ESG 0.00% 86.5¢ eastern star gas limited

HiFound this passage(Note 1C in the auditors report)- The...

  1. 82 Posts.
    Hi

    Found this passage(Note 1C in the auditors report)- The comments on second option relate to a NO VOTE to the scheme of arrangement.

    Regards DB


    Quote

    (c) Going concern
    The Group has acquired gas tenements in Australia and applied its exploration expertise using seismic, exploration drilling and pilot production wells to certify coal seam gas (CSG) reserves on its key tenements. The Group is currently seeking markets and evaluating the best alternatives for commercially exploiting these reserves. In addition to the many uncertainties inherent in the exploration and CSG industry, the Group does not yet have a significant revenue stream and has been relying on raising money in capital markets to fund exploration and operational activities.
    At 30 June 2011 the Group had cash balances of $63.59M with committed expenditure of $22.5M at that date for the next twelve months and current liabilities of $20.1M excluding operational and administrative costs.

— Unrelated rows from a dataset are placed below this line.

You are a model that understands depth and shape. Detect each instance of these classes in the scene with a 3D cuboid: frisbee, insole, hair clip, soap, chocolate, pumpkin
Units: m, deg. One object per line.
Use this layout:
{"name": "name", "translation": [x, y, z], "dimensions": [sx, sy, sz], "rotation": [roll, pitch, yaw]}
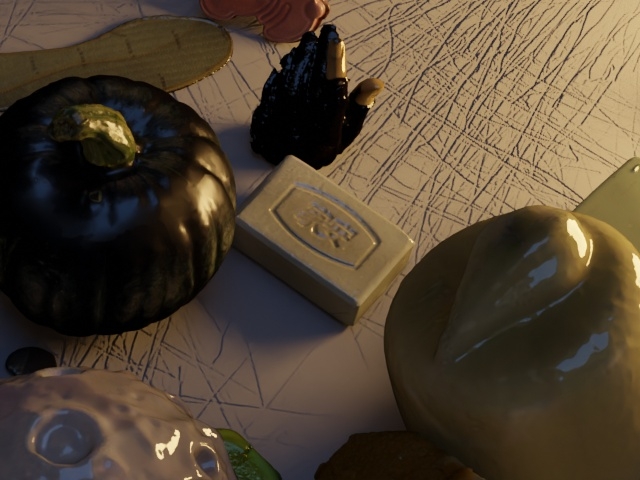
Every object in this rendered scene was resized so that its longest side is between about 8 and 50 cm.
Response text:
{"name": "frisbee", "translation": [-0.295, 0.216, 1.884], "dimensions": [0.187, 0.012, 0.211], "rotation": [-35, 69, -28]}
{"name": "insole", "translation": [-0.268, -0.212, 2.179], "dimensions": [0.348, 0.009, 0.119], "rotation": [-11, 60, -19]}
{"name": "hair clip", "translation": [-0.068, -0.304, 2.224], "dimensions": [0.138, 0.123, 0.102], "rotation": [47, 35, 22]}
{"name": "soap", "translation": [0.000, 0.000, 2.059], "dimensions": [0.183, 0.064, 0.121], "rotation": [34, 59, 13]}
{"name": "chocolate", "translation": [0.209, 0.133, 1.816], "dimensions": [0.314, 0.297, 0.326], "rotation": [-10, 52, 22]}
{"name": "pumpkin", "translation": [-0.227, -0.061, 1.927], "dimensions": [0.296, 0.296, 0.296], "rotation": [5, 56, -8]}

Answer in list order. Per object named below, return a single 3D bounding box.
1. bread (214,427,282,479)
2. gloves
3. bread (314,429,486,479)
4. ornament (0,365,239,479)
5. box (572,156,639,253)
{"name": "bread", "translation": [-0.100, 0.263, 1.856], "dimensions": [0.139, 0.071, 0.130], "rotation": [27, 52, 9]}
{"name": "gloves", "translation": [-0.007, -0.163, 2.095], "dimensions": [0.129, 0.180, 0.106], "rotation": [30, 56, 10]}
{"name": "bread", "translation": [0.062, 0.346, 1.698], "dimensions": [0.279, 0.250, 0.225], "rotation": [-45, 116, -14]}
{"name": "ornament", "translation": [-0.220, 0.279, 1.650], "dimensions": [0.337, 0.337, 0.337], "rotation": [5, 56, -8]}
{"name": "box", "translation": [0.337, 0.016, 2.076], "dimensions": [0.148, 0.129, 0.210], "rotation": [39, 59, 16]}
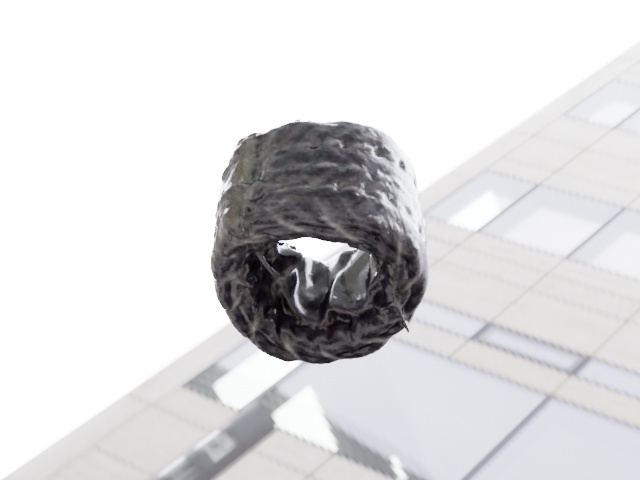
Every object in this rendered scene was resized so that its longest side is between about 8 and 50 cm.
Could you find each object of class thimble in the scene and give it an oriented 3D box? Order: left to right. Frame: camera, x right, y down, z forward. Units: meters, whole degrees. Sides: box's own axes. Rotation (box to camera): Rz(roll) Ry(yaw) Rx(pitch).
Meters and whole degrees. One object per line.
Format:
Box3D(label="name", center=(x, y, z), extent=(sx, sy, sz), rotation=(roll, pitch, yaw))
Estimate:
Box3D(label="thimble", center=(0.001, 0.001, 0.616), extent=(0.095, 0.066, 0.104), rotation=(-11, -45, 14))
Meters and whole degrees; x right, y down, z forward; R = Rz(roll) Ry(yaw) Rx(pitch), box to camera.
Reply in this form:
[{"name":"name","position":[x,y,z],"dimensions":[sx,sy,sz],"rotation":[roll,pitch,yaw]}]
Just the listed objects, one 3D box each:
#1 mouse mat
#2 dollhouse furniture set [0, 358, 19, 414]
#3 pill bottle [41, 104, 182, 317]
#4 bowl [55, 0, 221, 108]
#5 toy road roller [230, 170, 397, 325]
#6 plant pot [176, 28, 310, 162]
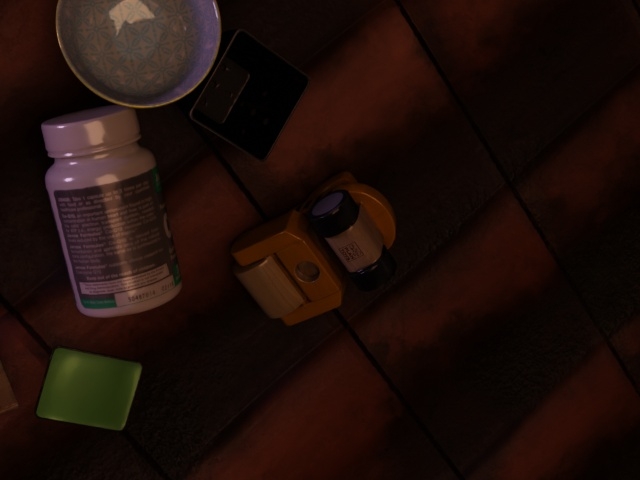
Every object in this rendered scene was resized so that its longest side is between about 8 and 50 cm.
[{"name":"mouse mat","position":[-0.460,0.297,2.041],"dimensions":[0.190,0.007,0.152],"rotation":[16,94,-24]},{"name":"dollhouse furniture set","position":[-0.689,0.266,1.839],"dimensions":[0.242,0.212,0.161],"rotation":[-21,146,-17]},{"name":"pill bottle","position":[-0.388,-0.057,1.890],"dimensions":[0.204,0.204,0.361],"rotation":[-16,107,-20]},{"name":"bowl","position":[-0.332,-0.374,1.862],"dimensions":[0.289,0.156,0.289],"rotation":[0,89,-13]},{"name":"toy road roller","position":[0.000,0.000,2.100],"dimensions":[0.329,0.240,0.202],"rotation":[-25,115,23]},{"name":"plant pot","position":[-0.169,-0.285,1.948],"dimensions":[0.188,0.167,0.187],"rotation":[31,87,-37]}]
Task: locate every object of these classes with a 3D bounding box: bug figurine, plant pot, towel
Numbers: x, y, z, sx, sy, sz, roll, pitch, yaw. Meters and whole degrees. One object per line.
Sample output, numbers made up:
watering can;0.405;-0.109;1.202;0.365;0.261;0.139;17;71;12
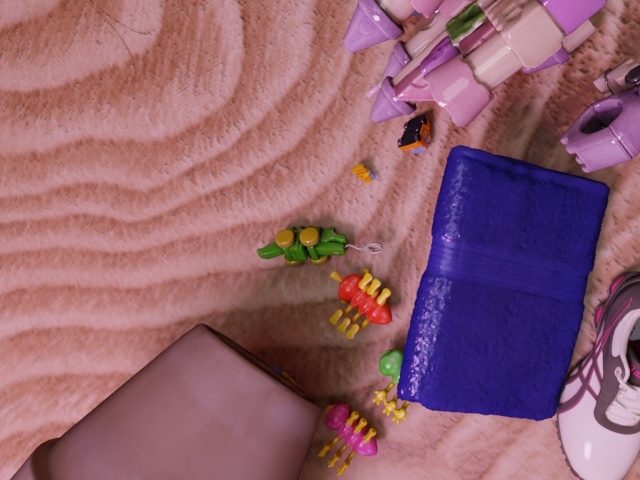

Subsequent to the year-end additional commitments have been entered into including those relating to the Santos Scheme of Arrangement and LNG Newcastle FEED. As such, based on the current financial position of the Group and committed expenditure by the Group at the date of this Report there are insufficient funds available for the Group to meets
    its liabilities as and when they fall due over the next
    12 months, which gives rise to significant doubt as to how the Group will fund its activities as a Going Concern.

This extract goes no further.